وأما الاخذ من الحاجبين إذا طالا فلم أر فيه شيئا
لاصحابنا وينبغى أن يكره لانه تغيير لخلق الله لم يثبت فيه شئ فكره: وذكر بعض
أصحاب احمد انه لا بأس به: قال وكان احمد يفعله. المجموع شرح المهذب - (ج 1 / ص
290)
Para ahli fiqih sepakat, bahwa mencabut rambut alis termasuk
kategori an-namshu yang dilarang dalam hadits Nabi saw (di atas). Sedangkan
dalam hal “Haffi (menggaruk/ menggosok (hingga terlepas))” dan “Halqi Mencukur)”
mereka berbeda pendapat.
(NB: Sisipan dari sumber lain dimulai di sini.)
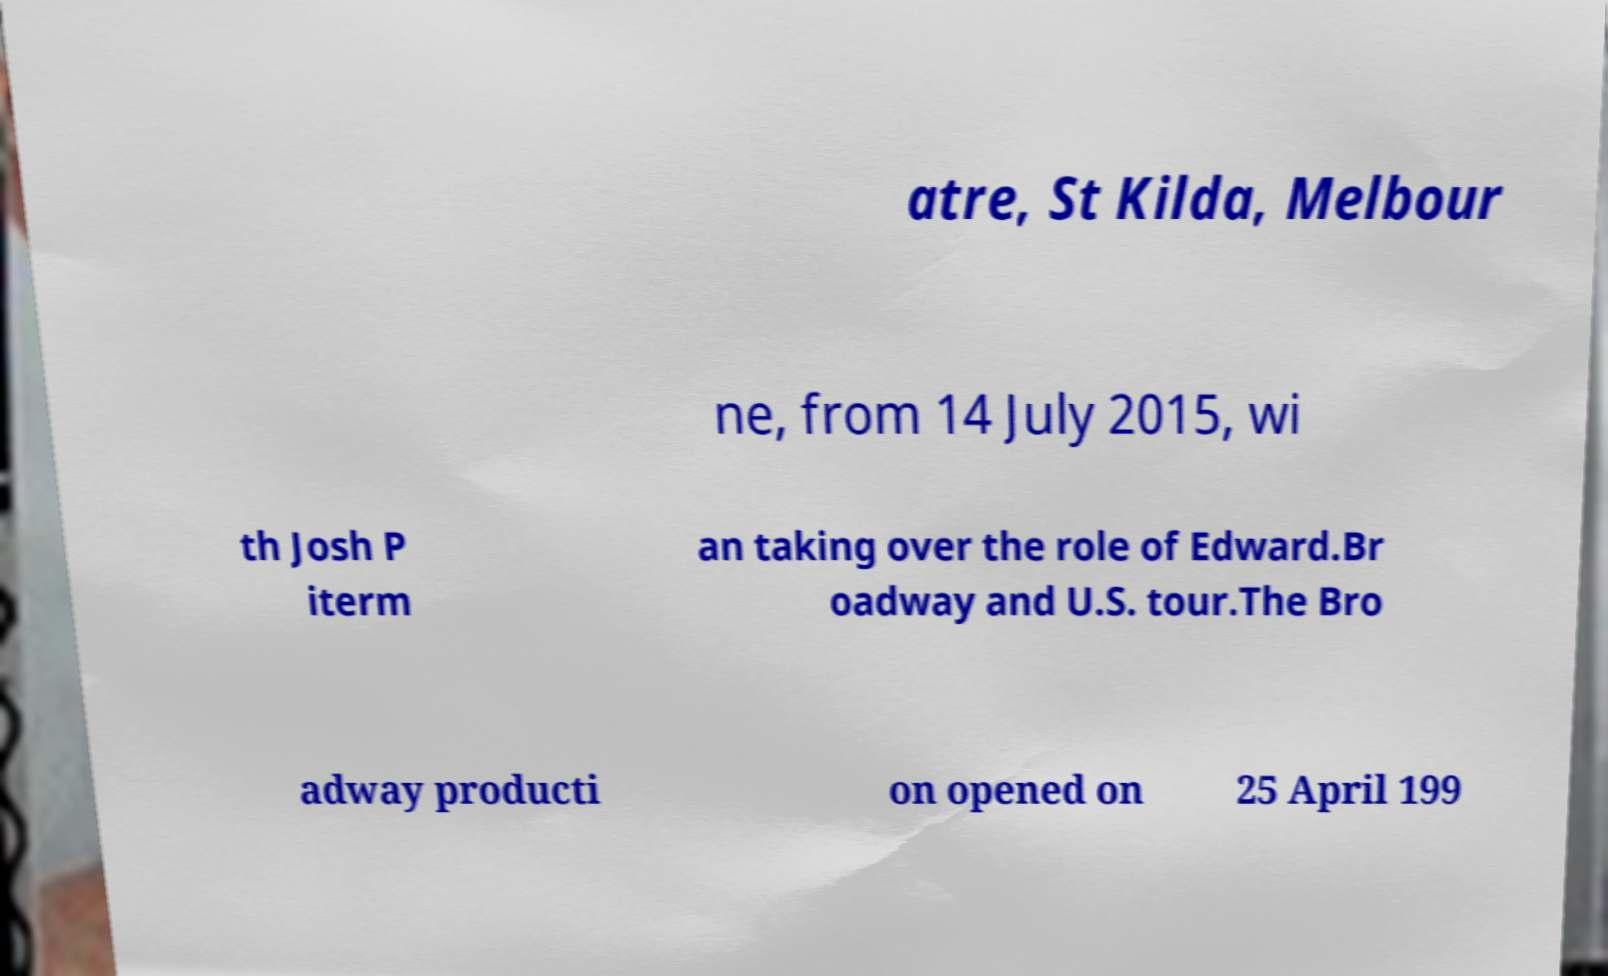Could you assist in decoding the text presented in this image and type it out clearly? atre, St Kilda, Melbour ne, from 14 July 2015, wi th Josh P iterm an taking over the role of Edward.Br oadway and U.S. tour.The Bro adway producti on opened on 25 April 199

Menurut Malikiyyah dan Syafi’iyyah “haffi” sama dengan
“natfi (mencabut)”. Sedangkan menurut Hanabilah haffi dan halqi hukumnya boleh
kalau natfi haram. Dan seterusnya ............
Pada
prinsipnya Islam memang tidak mengharamkan laki-laki maupun perempuan untuk
berhias. Karena Allah memang menitipkan tubuh kita sebagai anugerah-Nya untuk
dijaga dan dirawat. Sejauh tidak melanggar rambu-rambu yang disebutkan oleh
Rasulullah SAW, berhias sangat dianjurkan karena Islam menyukai kerapian baik
rambut, kuku, kumis, dan lain sebagainya. Hanya saja untuk masalah mencukur
bulu alis untuk kerapian perlu juga mempertimbangkan aspek kepantasan. Jangan
sampai melebihi batas seperti mencukur habis alis hingga bulu di atas mata itu
yang menjadi perhiasan wajah kehilangan fungsinya. Bukan kerapian yang didapat,
justru keburukan keburukan yang ada. Wa Allohu A'lam.